Hey, my top choice for the 5th is Haitink/BRSO 2010!

Admittedly, even I was surprised I liked the Honeck. So far I haven't liked any of his Beethoven.


----------



## Knorf (Jan 16, 2020)

Great list!

A recording I wish had a wide release was a Bruckner 9 with the Berliner Philharmoniker and Pierre Boulez, which was briefly available on their Digital Concert Hall service but hasn't been for years. It's absolutely brilliant. It rocked my Bruckner world.

Have you given the Blomstedt/Gewandhausorchester a listen? That's another Ninth I rate highly. 

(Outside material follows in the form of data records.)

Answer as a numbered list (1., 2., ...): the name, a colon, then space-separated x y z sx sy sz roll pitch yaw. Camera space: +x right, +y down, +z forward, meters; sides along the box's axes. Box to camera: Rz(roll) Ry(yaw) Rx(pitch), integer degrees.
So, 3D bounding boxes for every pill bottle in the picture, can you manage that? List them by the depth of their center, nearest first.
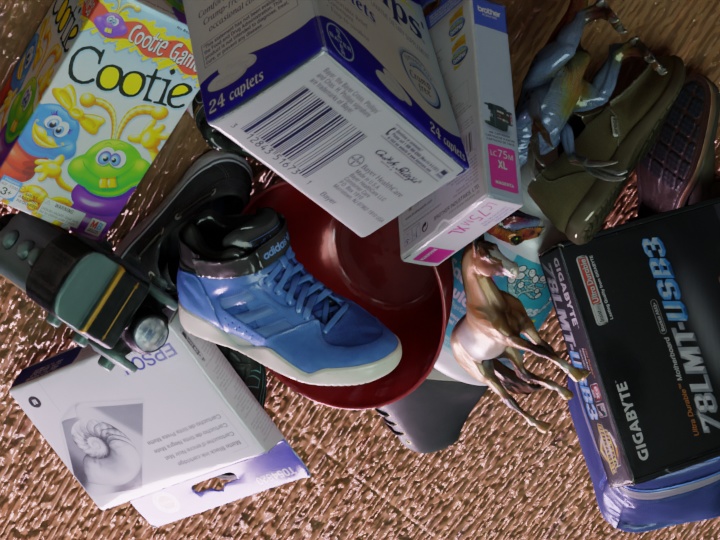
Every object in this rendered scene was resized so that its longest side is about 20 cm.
1. pill bottle: 0.123 -0.009 1.544 0.110 0.111 0.201 15 122 -21

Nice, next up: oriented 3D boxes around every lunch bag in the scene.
1. lunch bag: 0.260 0.113 1.617 0.134 0.201 0.133 -13 147 -4

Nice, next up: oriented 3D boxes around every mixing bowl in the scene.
1. mixing bowl: 0.000 0.000 1.497 0.198 0.108 0.202 12 117 24

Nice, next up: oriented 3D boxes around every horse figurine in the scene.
1. horse figurine: 0.117 0.059 1.454 0.050 0.132 0.200 -47 169 -18

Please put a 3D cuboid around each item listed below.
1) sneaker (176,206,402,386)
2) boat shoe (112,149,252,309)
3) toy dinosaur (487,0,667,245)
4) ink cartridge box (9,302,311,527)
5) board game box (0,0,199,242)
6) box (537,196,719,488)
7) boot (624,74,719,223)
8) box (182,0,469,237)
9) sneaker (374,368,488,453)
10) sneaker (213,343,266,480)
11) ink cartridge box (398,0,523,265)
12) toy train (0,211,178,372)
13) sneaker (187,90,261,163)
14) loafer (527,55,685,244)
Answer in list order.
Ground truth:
1. sneaker: -0.060 0.013 1.423 0.198 0.077 0.112 19 128 28
2. boat shoe: -0.152 -0.010 1.516 0.070 0.067 0.200 30 116 -29
3. toy dinosaur: 0.146 -0.115 1.399 0.181 0.201 0.105 -43 124 13
4. ink cartridge box: -0.173 0.140 1.572 0.198 0.041 0.201 -23 115 32
5. board game box: -0.196 -0.141 1.384 0.104 0.103 0.201 22 120 -26
6. box: 0.263 0.052 1.478 0.197 0.202 0.050 -14 173 -23
7. boot: 0.290 -0.079 1.568 0.096 0.075 0.202 -9 126 -33
8. box: -0.030 -0.160 1.317 0.104 0.201 0.184 -31 140 21
9. sneaker: 0.020 0.109 1.634 0.198 0.075 0.107 9 122 -19
10. sneaker: -0.120 0.087 1.591 0.075 0.080 0.201 10 129 10
11. ink cartridge box: 0.069 -0.118 1.380 0.042 0.202 0.119 9 154 -30
12. toy train: -0.224 0.008 1.440 0.114 0.200 0.086 38 85 -37
13. sneaker: -0.042 -0.109 1.450 0.198 0.087 0.081 2 128 -14
14. loafer: 0.198 -0.110 1.458 0.067 0.200 0.076 30 145 8
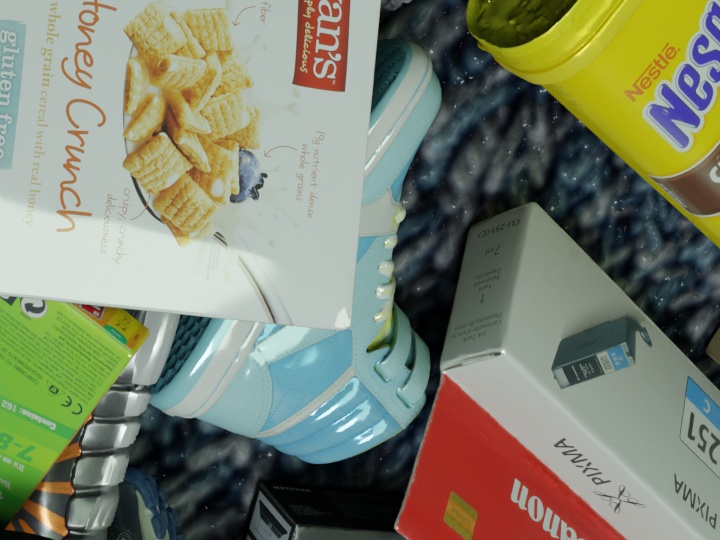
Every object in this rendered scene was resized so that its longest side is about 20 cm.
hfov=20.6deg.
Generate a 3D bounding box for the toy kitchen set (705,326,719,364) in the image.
[{"bbox_3d":[0.325,0.018,1.009,0.163,0.180,0.201,24,101,-31],"label":"toy kitchen set"}]

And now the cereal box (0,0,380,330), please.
[{"bbox_3d":[-0.092,-0.058,0.741,0.199,0.039,0.145,6,88,-24],"label":"cereal box"}]

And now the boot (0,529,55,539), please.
[{"bbox_3d":[-0.216,0.093,0.780,0.169,0.199,0.077,62,34,-21],"label":"boot"}]

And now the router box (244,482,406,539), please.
[{"bbox_3d":[0.025,0.196,1.005,0.199,0.052,0.158,9,105,-28],"label":"router box"}]

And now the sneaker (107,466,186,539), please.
[{"bbox_3d":[-0.119,0.193,0.921,0.085,0.077,0.202,-2,96,-3],"label":"sneaker"}]

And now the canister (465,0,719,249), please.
[{"bbox_3d":[0.167,-0.110,0.944,0.200,0.087,0.149,37,91,-32],"label":"canister"}]

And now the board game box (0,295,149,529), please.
[{"bbox_3d":[-0.174,0.065,0.811,0.095,0.030,0.200,37,119,-3],"label":"board game box"}]

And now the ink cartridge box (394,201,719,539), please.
[{"bbox_3d":[0.111,0.096,0.958,0.200,0.045,0.177,42,46,-31],"label":"ink cartridge box"}]

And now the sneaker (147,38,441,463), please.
[{"bbox_3d":[0.000,0.000,0.910,0.130,0.080,0.200,30,103,-29],"label":"sneaker"}]

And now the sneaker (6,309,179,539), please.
[{"bbox_3d":[-0.159,0.069,0.869,0.111,0.078,0.201,15,101,-18],"label":"sneaker"}]

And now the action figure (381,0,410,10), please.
[{"bbox_3d":[-0.058,-0.177,0.796,0.199,0.102,0.120,15,66,-32],"label":"action figure"}]
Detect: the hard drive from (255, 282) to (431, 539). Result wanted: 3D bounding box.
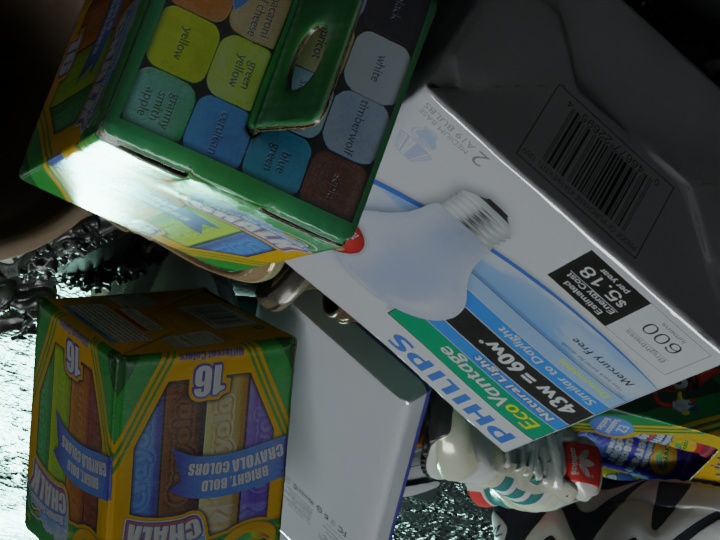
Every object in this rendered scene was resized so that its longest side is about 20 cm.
[{"bbox_3d":[-0.025,0.108,1.184,0.132,0.025,0.200,41,139,28],"label":"hard drive"}]

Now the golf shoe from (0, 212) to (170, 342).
[{"bbox_3d":[-0.191,-0.028,1.184,0.200,0.095,0.078,-24,148,36],"label":"golf shoe"}]

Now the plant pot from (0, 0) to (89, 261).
[{"bbox_3d":[-0.236,-0.105,0.958,0.200,0.200,0.175,30,167,-33],"label":"plant pot"}]

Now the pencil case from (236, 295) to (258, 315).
[{"bbox_3d":[-0.060,0.057,1.302,0.200,0.085,0.092,4,168,18],"label":"pencil case"}]

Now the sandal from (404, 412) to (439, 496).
[{"bbox_3d":[0.034,0.128,1.315,0.207,0.059,0.079,-12,-161,-41],"label":"sandal"}]

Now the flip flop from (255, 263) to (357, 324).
[{"bbox_3d":[0.000,0.000,1.090,0.058,0.081,0.200,46,-169,12],"label":"flip flop"}]

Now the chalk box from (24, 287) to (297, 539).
[{"bbox_3d":[-0.128,0.124,1.155,0.124,0.200,0.124,-3,-164,-33],"label":"chalk box"}]

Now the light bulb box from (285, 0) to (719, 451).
[{"bbox_3d":[0.080,-0.033,0.943,0.198,0.125,0.200,40,148,-10],"label":"light bulb box"}]

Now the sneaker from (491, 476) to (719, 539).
[{"bbox_3d":[0.180,0.206,1.272,0.199,0.130,0.079,16,156,-4],"label":"sneaker"}]

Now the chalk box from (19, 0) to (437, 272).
[{"bbox_3d":[-0.057,-0.084,0.840,0.124,0.125,0.200,24,166,-18],"label":"chalk box"}]

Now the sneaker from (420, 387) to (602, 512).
[{"bbox_3d":[0.101,0.109,1.172,0.093,0.070,0.200,2,163,18],"label":"sneaker"}]

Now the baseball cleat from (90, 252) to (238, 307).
[{"bbox_3d":[-0.135,0.059,1.245,0.106,0.200,0.070,4,-162,10],"label":"baseball cleat"}]

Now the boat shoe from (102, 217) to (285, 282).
[{"bbox_3d":[-0.126,-0.051,1.028,0.200,0.071,0.065,32,-152,25],"label":"boat shoe"}]

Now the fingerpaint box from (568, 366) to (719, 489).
[{"bbox_3d":[0.199,0.112,1.309,0.167,0.073,0.200,15,155,-5],"label":"fingerpaint box"}]
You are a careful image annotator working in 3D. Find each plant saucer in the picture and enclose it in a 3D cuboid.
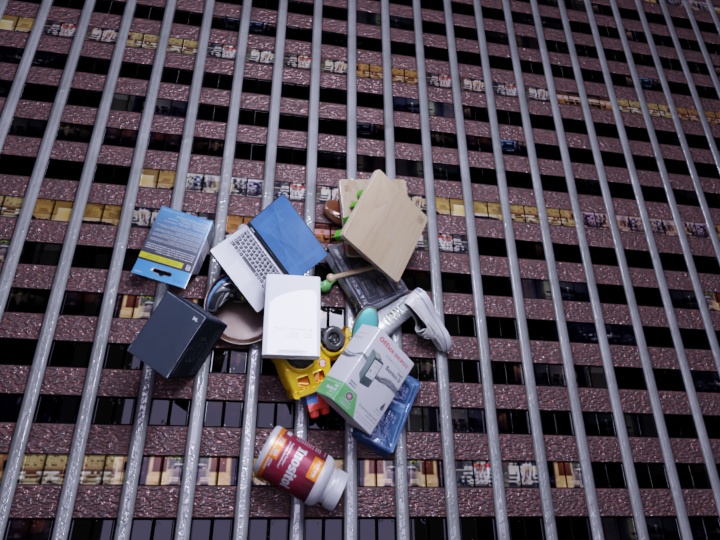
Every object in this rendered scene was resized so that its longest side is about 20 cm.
[{"bbox_3d":[-0.297,0.096,1.348,0.196,0.035,0.204,5,64,-9],"label":"plant saucer"}]

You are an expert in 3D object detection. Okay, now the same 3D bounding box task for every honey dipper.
[{"bbox_3d":[0.000,0.000,1.378,0.197,0.038,0.039,-16,69,-25],"label":"honey dipper"}]

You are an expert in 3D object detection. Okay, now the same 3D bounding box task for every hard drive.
[{"bbox_3d":[-0.158,0.105,1.221,0.129,0.027,0.204,4,59,-11],"label":"hard drive"}]

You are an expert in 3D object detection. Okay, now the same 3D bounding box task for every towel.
[{"bbox_3d":[0.064,0.341,1.298,0.110,0.049,0.202,27,64,3],"label":"towel"}]

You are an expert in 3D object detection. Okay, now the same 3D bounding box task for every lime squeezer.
[{"bbox_3d":[-0.120,0.025,1.414,0.195,0.038,0.072,-1,65,-11],"label":"lime squeezer"}]

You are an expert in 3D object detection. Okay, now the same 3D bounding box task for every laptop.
[{"bbox_3d":[-0.220,-0.042,1.276,0.188,0.115,0.200,53,53,-7],"label":"laptop"}]

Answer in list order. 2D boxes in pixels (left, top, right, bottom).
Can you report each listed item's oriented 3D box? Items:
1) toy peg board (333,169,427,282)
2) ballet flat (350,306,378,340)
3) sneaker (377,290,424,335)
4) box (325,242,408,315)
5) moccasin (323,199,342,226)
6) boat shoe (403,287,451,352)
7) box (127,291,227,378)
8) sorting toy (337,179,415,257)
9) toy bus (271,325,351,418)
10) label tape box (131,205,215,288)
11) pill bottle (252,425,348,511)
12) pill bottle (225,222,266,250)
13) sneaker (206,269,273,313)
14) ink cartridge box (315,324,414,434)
[{"bbox_3d":[0.043,-0.108,1.344,0.198,0.097,0.202,39,68,-27],"label":"toy peg board"},{"bbox_3d":[0.004,0.194,1.334,0.069,0.071,0.204,10,76,-6],"label":"ballet flat"},{"bbox_3d":[0.096,0.109,1.395,0.199,0.080,0.071,-35,77,-22],"label":"sneaker"},{"bbox_3d":[0.015,0.006,1.428,0.156,0.048,0.202,-21,71,-31],"label":"box"},{"bbox_3d":[-0.010,-0.152,1.494,0.199,0.078,0.074,27,63,2],"label":"moccasin"},{"bbox_3d":[0.172,0.142,1.359,0.065,0.072,0.202,-38,120,-18],"label":"boat shoe"},{"bbox_3d":[-0.404,0.150,1.190,0.106,0.200,0.150,32,80,5],"label":"box"},{"bbox_3d":[0.034,-0.136,1.421,0.195,0.069,0.205,-4,81,-23],"label":"sorting toy"},{"bbox_3d":[-0.099,0.244,1.274,0.197,0.136,0.195,-18,83,-21],"label":"toy bus"},{"bbox_3d":[-0.479,-0.050,1.363,0.141,0.064,0.203,17,63,-4],"label":"label tape box"},{"bbox_3d":[-0.130,0.444,1.175,0.197,0.113,0.114,28,63,3],"label":"pill bottle"},{"bbox_3d":[-0.250,-0.079,1.394,0.196,0.113,0.114,-16,69,-18],"label":"pill bottle"},{"bbox_3d":[-0.290,0.049,1.313,0.197,0.071,0.083,-28,67,-24],"label":"sneaker"},{"bbox_3d":[0.014,0.250,1.234,0.146,0.083,0.201,47,67,-25],"label":"ink cartridge box"}]
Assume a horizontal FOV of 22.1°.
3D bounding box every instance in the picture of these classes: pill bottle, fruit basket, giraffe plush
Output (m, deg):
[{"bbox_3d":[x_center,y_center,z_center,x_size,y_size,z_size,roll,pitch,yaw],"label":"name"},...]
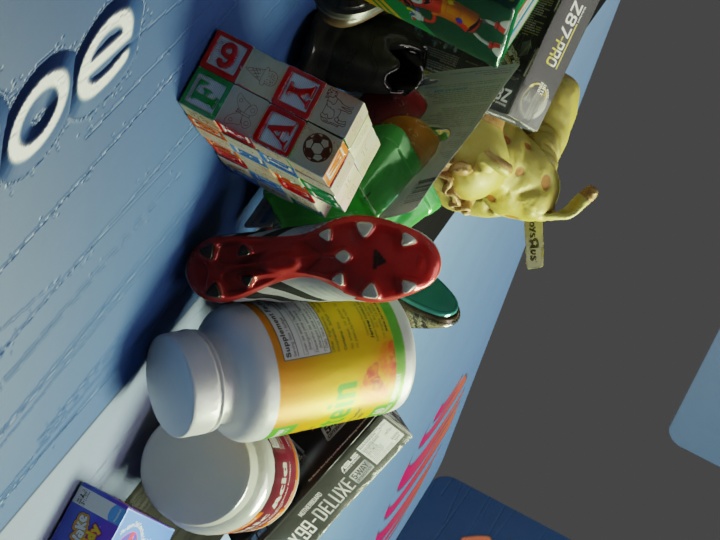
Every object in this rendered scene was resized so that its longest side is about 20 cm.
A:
[{"bbox_3d":[-0.065,0.076,1.476,0.199,0.111,0.111,-9,136,-32],"label":"pill bottle"},{"bbox_3d":[0.020,-0.099,1.522,0.200,0.185,0.094,-49,125,-41],"label":"fruit basket"},{"bbox_3d":[-0.123,0.176,1.623,0.115,0.114,0.200,-63,170,-2],"label":"pill bottle"},{"bbox_3d":[0.106,-0.110,1.683,0.172,0.201,0.162,-27,156,28],"label":"giraffe plush"}]

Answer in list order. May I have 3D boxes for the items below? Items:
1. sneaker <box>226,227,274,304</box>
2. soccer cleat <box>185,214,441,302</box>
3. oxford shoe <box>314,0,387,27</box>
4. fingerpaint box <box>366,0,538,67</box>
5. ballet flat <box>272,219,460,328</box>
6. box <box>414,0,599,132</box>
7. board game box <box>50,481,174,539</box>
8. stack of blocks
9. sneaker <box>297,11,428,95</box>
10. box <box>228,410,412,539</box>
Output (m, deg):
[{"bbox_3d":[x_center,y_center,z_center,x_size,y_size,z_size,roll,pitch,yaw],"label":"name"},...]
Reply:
[{"bbox_3d":[-0.036,0.011,1.643,0.200,0.115,0.079,-45,160,-60],"label":"sneaker"},{"bbox_3d":[-0.037,-0.007,1.438,0.085,0.199,0.069,-75,160,-86],"label":"soccer cleat"},{"bbox_3d":[0.015,-0.227,1.434,0.200,0.072,0.085,-51,166,-51],"label":"oxford shoe"},{"bbox_3d":[0.078,-0.273,1.360,0.200,0.166,0.073,-56,170,-30],"label":"fingerpaint box"},{"bbox_3d":[0.000,0.000,1.580,0.068,0.200,0.075,-27,152,-50],"label":"ballet flat"},{"bbox_3d":[0.110,-0.225,1.601,0.049,0.200,0.162,26,91,-43],"label":"box"},{"bbox_3d":[-0.222,0.255,1.526,0.135,0.045,0.200,-62,170,-10],"label":"board game box"},{"bbox_3d":[-0.049,-0.094,1.322,0.059,0.115,0.200,-62,170,-6],"label":"stack of blocks"},{"bbox_3d":[0.017,-0.178,1.509,0.200,0.090,0.076,-46,155,-62],"label":"sneaker"},{"bbox_3d":[-0.053,0.182,1.780,0.200,0.050,0.158,-48,-150,7],"label":"box"}]
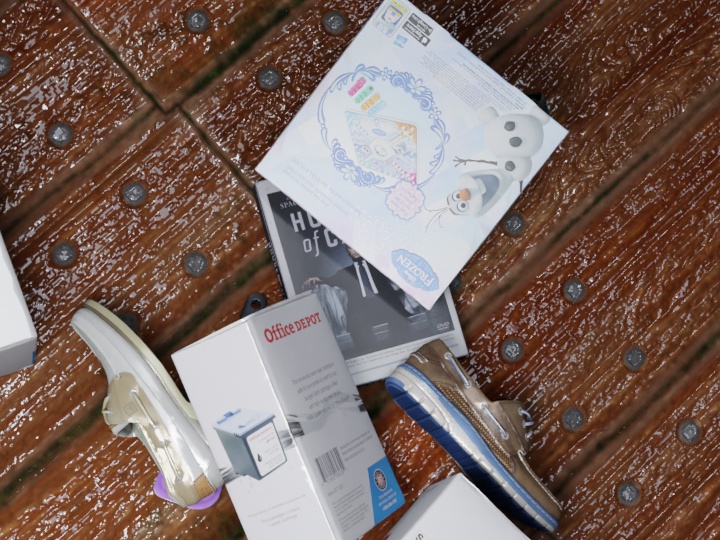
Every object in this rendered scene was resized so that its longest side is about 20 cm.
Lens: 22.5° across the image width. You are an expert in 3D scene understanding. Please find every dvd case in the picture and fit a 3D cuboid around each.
[{"bbox_3d":[0.000,0.000,1.630,0.149,0.025,0.202,-14,82,-14],"label":"dvd case"}]

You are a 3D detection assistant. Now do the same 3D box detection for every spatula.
[{"bbox_3d":[-0.121,0.112,1.585,0.056,0.021,0.202,21,75,-1],"label":"spatula"}]

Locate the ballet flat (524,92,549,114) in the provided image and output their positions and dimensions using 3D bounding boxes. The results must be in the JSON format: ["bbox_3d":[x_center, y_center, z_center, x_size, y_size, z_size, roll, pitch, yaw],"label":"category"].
[{"bbox_3d":[0.079,-0.148,1.651,0.198,0.069,0.068,2,34,-15],"label":"ballet flat"}]

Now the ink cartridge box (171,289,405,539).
[{"bbox_3d":[-0.057,0.133,1.513,0.085,0.146,0.202,-25,88,24],"label":"ink cartridge box"}]

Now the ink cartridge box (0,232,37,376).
[{"bbox_3d":[-0.367,-0.003,1.498,0.143,0.147,0.202,-19,82,-13],"label":"ink cartridge box"}]

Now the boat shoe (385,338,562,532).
[{"bbox_3d":[0.115,0.143,1.590,0.200,0.072,0.072,47,74,-7],"label":"boat shoe"}]

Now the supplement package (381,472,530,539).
[{"bbox_3d":[0.049,0.287,1.529,0.120,0.121,0.200,43,74,1],"label":"supplement package"}]

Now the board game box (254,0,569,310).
[{"bbox_3d":[0.045,-0.106,1.594,0.199,0.043,0.200,39,94,-1],"label":"board game box"}]

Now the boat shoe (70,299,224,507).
[{"bbox_3d":[-0.187,0.112,1.538,0.068,0.075,0.200,-41,74,-10],"label":"boat shoe"}]
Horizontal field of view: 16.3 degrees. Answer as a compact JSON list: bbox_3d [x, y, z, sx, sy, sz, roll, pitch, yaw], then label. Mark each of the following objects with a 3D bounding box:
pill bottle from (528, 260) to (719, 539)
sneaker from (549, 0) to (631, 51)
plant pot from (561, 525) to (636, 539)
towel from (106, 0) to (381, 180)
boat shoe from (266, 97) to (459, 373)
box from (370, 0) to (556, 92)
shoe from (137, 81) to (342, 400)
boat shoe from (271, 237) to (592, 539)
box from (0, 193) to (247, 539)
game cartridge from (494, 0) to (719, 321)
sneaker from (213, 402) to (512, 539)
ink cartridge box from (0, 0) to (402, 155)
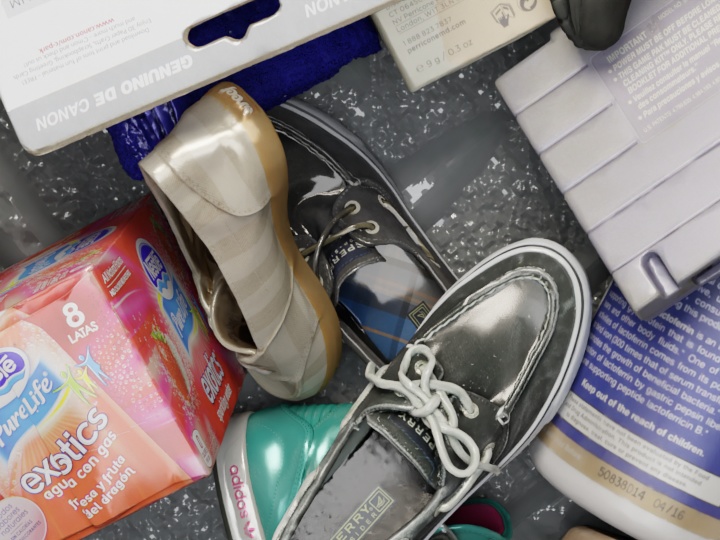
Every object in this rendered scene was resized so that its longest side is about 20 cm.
[{"bbox_3d":[0.166,0.021,1.113,0.115,0.116,0.201,26,99,-3],"label":"pill bottle"},{"bbox_3d":[0.119,-0.177,0.999,0.090,0.076,0.201,6,123,-1],"label":"sneaker"},{"bbox_3d":[0.120,0.213,1.112,0.199,0.200,0.176,20,89,-2],"label":"plant pot"},{"bbox_3d":[-0.085,-0.156,1.093,0.147,0.049,0.201,-32,100,-28],"label":"towel"},{"bbox_3d":[0.000,0.000,1.138,0.070,0.066,0.200,-37,96,6],"label":"boat shoe"},{"bbox_3d":[0.010,-0.186,1.096,0.077,0.095,0.201,-27,99,5],"label":"box"},{"bbox_3d":[-0.055,-0.001,1.092,0.053,0.201,0.070,-40,57,-20],"label":"shoe"},{"bbox_3d":[0.026,0.067,1.075,0.074,0.068,0.199,44,90,10],"label":"boat shoe"},{"bbox_3d":[-0.117,0.043,1.079,0.095,0.200,0.100,-28,97,6],"label":"box"},{"bbox_3d":[0.168,-0.086,1.052,0.199,0.038,0.130,-34,64,11],"label":"game cartridge"},{"bbox_3d":[0.016,0.149,1.156,0.120,0.084,0.201,-15,97,13],"label":"sneaker"},{"bbox_3d":[-0.078,-0.163,1.006,0.199,0.084,0.177,-22,96,0],"label":"ink cartridge box"}]
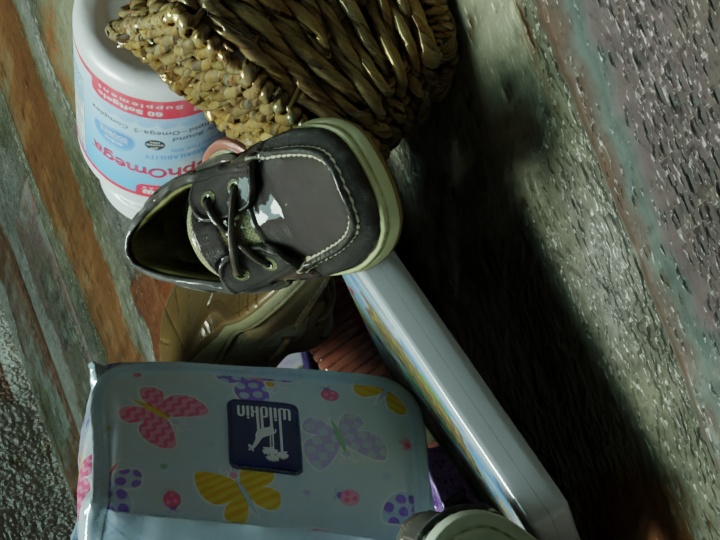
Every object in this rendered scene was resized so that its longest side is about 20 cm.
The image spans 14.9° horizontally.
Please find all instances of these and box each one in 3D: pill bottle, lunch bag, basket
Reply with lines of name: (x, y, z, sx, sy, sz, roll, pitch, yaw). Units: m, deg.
pill bottle: (-0.121, -0.108, 1.687, 0.200, 0.108, 0.109, 97, 150, -63)
lunch bag: (-0.055, 0.107, 1.349, 0.200, 0.168, 0.128, -126, 42, -81)
basket: (-0.015, -0.132, 1.329, 0.142, 0.149, 0.200, 39, 172, -13)

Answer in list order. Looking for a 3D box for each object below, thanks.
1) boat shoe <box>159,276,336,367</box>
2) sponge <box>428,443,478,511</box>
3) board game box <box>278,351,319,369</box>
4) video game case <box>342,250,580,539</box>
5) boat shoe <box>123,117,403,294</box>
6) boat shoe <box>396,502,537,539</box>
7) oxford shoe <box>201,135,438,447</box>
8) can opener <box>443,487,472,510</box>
boat shoe: (-0.043, 0.008, 1.411, 0.200, 0.064, 0.072, 142, 135, -60)
sponge: (0.014, 0.065, 1.556, 0.112, 0.030, 0.201, 100, 148, -65)
board game box: (-0.044, 0.073, 1.635, 0.200, 0.041, 0.201, 75, -179, -51)
video game case: (0.048, 0.071, 1.297, 0.201, 0.022, 0.182, 56, 175, 28)
boat shoe: (-0.047, -0.019, 1.238, 0.200, 0.065, 0.074, -19, 95, 64)
boat shoe: (0.093, 0.177, 1.204, 0.201, 0.072, 0.061, 48, 168, -15)
oxford shoe: (0.000, 0.000, 1.473, 0.071, 0.074, 0.201, -28, 97, 49)
can opener: (0.047, 0.156, 1.372, 0.053, 0.067, 0.200, 50, -174, -2)

One last comment: I remember feeling unimpressed with that Barenboim/Berlin recording, but it sounds like I should revisit it.


----------



## Malx (Jun 18, 2017)

Agree with comments above. 
Super list, and whats more I have 5 of your top selections so I don't feel the need to dip into my decidedly slim wallet to add more - well at least not for now..


----------



## D Smith (Sep 13, 2014)

Great list. I put on the Nelsons/Gewandhaus recording this morning which I really enjoy to re-listen. Most often listened to here are Abbado/Lucerne, Barenboim/Berlin and Karajan 70's.


----------



## vincula (Jun 23, 2020)

A really nice list. Thanks a lot. I hold Giulini's at the very top and got a few of those you name on my shelves (Wand, Furtwängler, Van Beinum...) I enjoy Kegel's '75 live broadcast recording too, with imperfections and all -radio tapes do not cheat. I listen quite often to it. A deeply felt and inspired performance with a that Kegel vocal-like articulation I'm especially fond of.









Regards,

Vincula


----------



## John Lenin (Feb 4, 2021)

I like a little 'depression' or at least a little roughness 'dirt beneath the fingernails' in Bruckner's 9th. I also detest the usual 'otherwordlyness ... last testament.... not of this world' middle class liberal nonsense.... Celibidache and Karajan really grind my gears.... give me Tintner or Skrowaczewski any day..... or Wand, but I prefer Wand in Beethoven.


----------



## vincula (Jun 23, 2020)

Brahmsianhorn said:


> *Wilhelm Furtwängler/Berlin PO (1944) (Praga, DG, Archipel, Music & Arts, Andromeda)*
> 
> This intense, apocalyptic performance is from the last months of World War II, and one cannot help but imagine the emotions conjured up within that context. This is the only surviving document of a work Furtwängler revered, and the preserved insights are invaluable with phrases that are deeply and poignantly communicated despite the obvious limitations in fullness and detail from the sound quality.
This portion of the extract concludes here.